Waldorf Salad: Salad Buah-Buahan Berlumur Mayoinase

Salad adalah jenis hidangan yang taka sing bagi orang Indonesia. Sebenarnya Indonesia sendiri pun memiliki versi salad sendiri, ada rujak yang bisa dimasukkan dalam salad buah-buahan atau gado-gado yang bisa dikategorikan sebagai salad sayuran. Makanan ini banyak dihidangkan di acara resepsi pernikahan atau di restoran-restoran yang menyediakan makanan barat.

Salad adalah salah satu dari berbagai macam hidangan termasuk: salad hijau, salad sayuran, salad pasta, kacang-kacangan, atau biji-bijian, salad campuran yang memasukkan daging, unggas, atau makanan laut, dan salad buah. Salad termasuk campuran makanan dingin atau panas, sering kali menggunaan sayuran dan / atau buah-buahan.

Di dunia ini terdapat banyak jenis salad. Tiap negara memiliki salad khas mereka sendiri, di antaranya: Acar (Malaysia, Singapura dan Brunei), Cobb Salad (Amerika), Salad Telur (Ukraina), Golbaengi Muchim (Korea), Salad Yunani (Yunani), Panzanella (Florence, Italia), Som Tam (Isan, Thailand), dan salad Waldorf (Hotel Waldorf, New York).

Waldorf Salad

Waldorf SaladSumber: https://www.browneyedbaker.com/waldorf-salad-recipe/

Yang akan kita bahas adalah salad Waldorf. Kita kenalan dengan salad yang berasal dari kota New York ini.
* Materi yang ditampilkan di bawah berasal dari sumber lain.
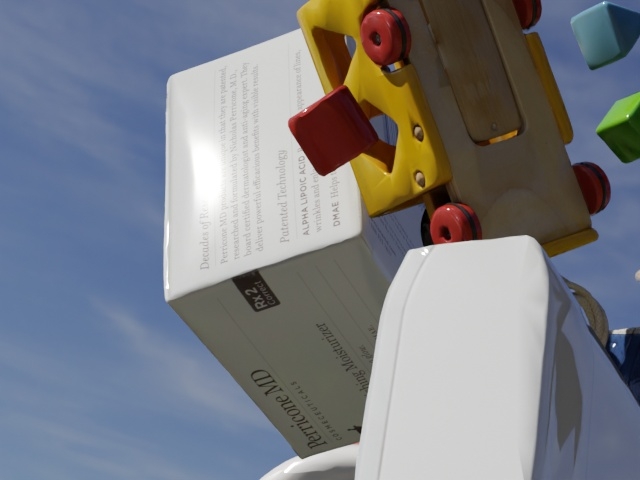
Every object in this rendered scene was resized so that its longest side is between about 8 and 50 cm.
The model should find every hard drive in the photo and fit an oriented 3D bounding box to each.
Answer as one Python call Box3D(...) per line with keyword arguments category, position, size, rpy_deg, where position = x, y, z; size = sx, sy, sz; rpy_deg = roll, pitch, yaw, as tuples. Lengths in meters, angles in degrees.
Box3D(category="hard drive", position=(0.091, 0.188, 0.454), size=(0.047, 0.233, 0.353), rpy_deg=(-7, -34, 26))

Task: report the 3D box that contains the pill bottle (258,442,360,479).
Box3D(category="pill bottle", position=(0.054, 0.271, 1.395), size=(0.224, 0.224, 0.392), rpy_deg=(13, -1, 10))

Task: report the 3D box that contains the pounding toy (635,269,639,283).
Box3D(category="pounding toy", position=(0.325, 0.054, 1.247), size=(0.206, 0.094, 0.181), rpy_deg=(48, 4, -44))

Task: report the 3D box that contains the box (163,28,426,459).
Box3D(category="box", position=(0.000, 0.000, 0.973), size=(0.119, 0.182, 0.181), rpy_deg=(-19, -43, 17))

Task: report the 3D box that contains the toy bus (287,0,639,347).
Box3D(category="toy bus", position=(0.065, -0.050, 0.831), size=(0.191, 0.202, 0.104), rpy_deg=(32, -26, -20))

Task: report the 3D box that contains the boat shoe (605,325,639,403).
Box3D(category="boat shoe", position=(0.174, 0.080, 0.836), size=(0.066, 0.066, 0.183), rpy_deg=(30, -11, -35))
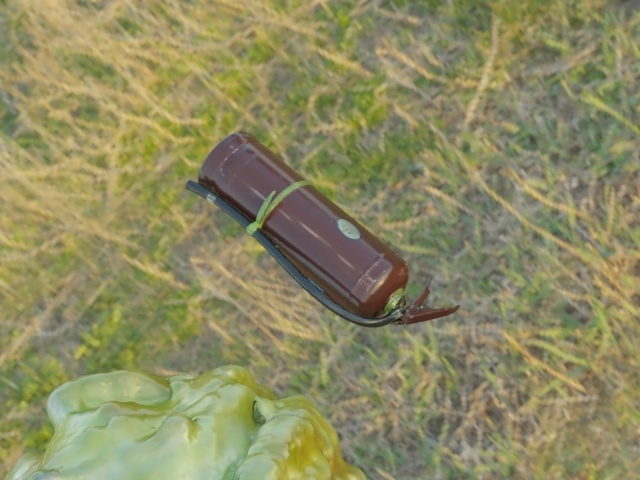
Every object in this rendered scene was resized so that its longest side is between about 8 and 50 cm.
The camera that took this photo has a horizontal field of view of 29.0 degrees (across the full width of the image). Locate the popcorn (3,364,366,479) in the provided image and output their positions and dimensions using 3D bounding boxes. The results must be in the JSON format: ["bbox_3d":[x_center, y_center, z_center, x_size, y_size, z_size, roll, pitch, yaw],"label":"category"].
[{"bbox_3d":[-0.105,0.225,0.964,0.279,0.274,0.335,-34,22,5],"label":"popcorn"}]

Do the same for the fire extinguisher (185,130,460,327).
[{"bbox_3d":[0.000,0.000,0.573,0.132,0.039,0.056,40,44,21],"label":"fire extinguisher"}]
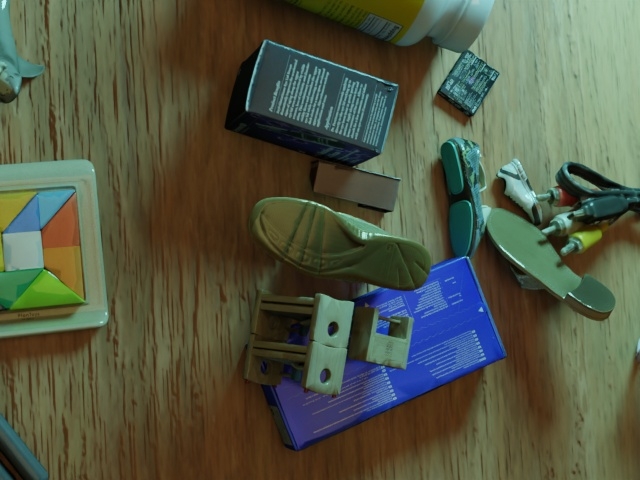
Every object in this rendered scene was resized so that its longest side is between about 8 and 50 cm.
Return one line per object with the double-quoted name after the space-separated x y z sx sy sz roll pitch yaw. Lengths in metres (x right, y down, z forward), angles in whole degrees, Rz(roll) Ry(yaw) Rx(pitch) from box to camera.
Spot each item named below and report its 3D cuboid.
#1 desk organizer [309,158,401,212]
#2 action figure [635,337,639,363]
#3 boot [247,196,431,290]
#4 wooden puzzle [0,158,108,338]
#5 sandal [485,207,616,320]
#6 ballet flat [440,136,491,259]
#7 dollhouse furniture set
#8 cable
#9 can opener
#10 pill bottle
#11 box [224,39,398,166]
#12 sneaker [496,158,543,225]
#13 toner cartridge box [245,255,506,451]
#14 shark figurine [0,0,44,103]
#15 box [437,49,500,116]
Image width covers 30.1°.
0.048 -0.080 1.757 0.130 0.047 0.050 13 84 -14 "desk organizer"
0.617 0.000 1.851 0.276 0.248 0.370 -3 94 11 "action figure"
0.000 0.000 1.654 0.262 0.203 0.095 14 91 -20 "boot"
-0.409 0.011 1.622 0.221 0.044 0.238 -6 87 -16 "wooden puzzle"
0.332 0.055 1.807 0.240 0.079 0.088 40 50 21 "sandal"
0.228 -0.064 1.800 0.070 0.070 0.188 -5 90 -16 "ballet flat"
0.011 0.149 1.630 0.184 0.129 0.129 17 80 -43 "dollhouse furniture set"
0.455 -0.059 1.864 0.287 0.072 0.139 -8 70 -35 "cable"
-0.466 0.228 1.561 0.076 0.095 0.283 -39 96 -15 "can opener"
0.079 -0.395 1.719 0.334 0.188 0.188 19 81 -14 "pill bottle"
-0.016 -0.190 1.694 0.207 0.153 0.108 16 82 -13 "box"
0.308 -0.070 1.838 0.044 0.040 0.109 -27 89 0 "sneaker"
0.082 0.161 1.731 0.348 0.075 0.165 -21 92 -16 "toner cartridge box"
-0.419 -0.285 1.634 0.116 0.166 0.278 21 60 -38 "shark figurine"
0.228 -0.243 1.835 0.067 0.018 0.083 34 77 -10 "box"
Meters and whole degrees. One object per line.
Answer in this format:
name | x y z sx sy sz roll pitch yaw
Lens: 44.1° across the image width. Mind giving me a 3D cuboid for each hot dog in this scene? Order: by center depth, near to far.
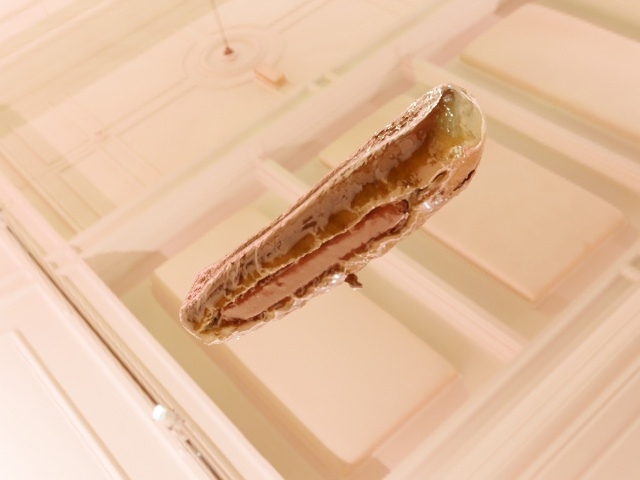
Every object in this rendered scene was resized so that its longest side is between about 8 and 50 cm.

Salad Waldorf adalah salad buah dan kacang yang umumnya terbuat dari apel segar, seledri, anggur, dan kacang kenari, dilumuri mayones, dan disajikan di atas selada sebagai hidangan pembuka atau makanan ringan.

Nama ini berasal sebuah acara dansa untuk amal yang diberikan untuk menghormati Rumah Sakit St. Mary untuk Anak-anak pada 14 Maret 1896. Acara dansa ini diadakan di hotel Waldorf-Astoria di New York City. Oscar Tschirky, yang merupakan kepala pelayan di Hotel Waldorf, dan yang mengembangkan atau menginspirasi banyak hidangan khasnya, adalah yang menciptakan resep ini. Pada tahun 1896, salad ini muncul di The Cook Book oleh “Oscar of the Waldorf”.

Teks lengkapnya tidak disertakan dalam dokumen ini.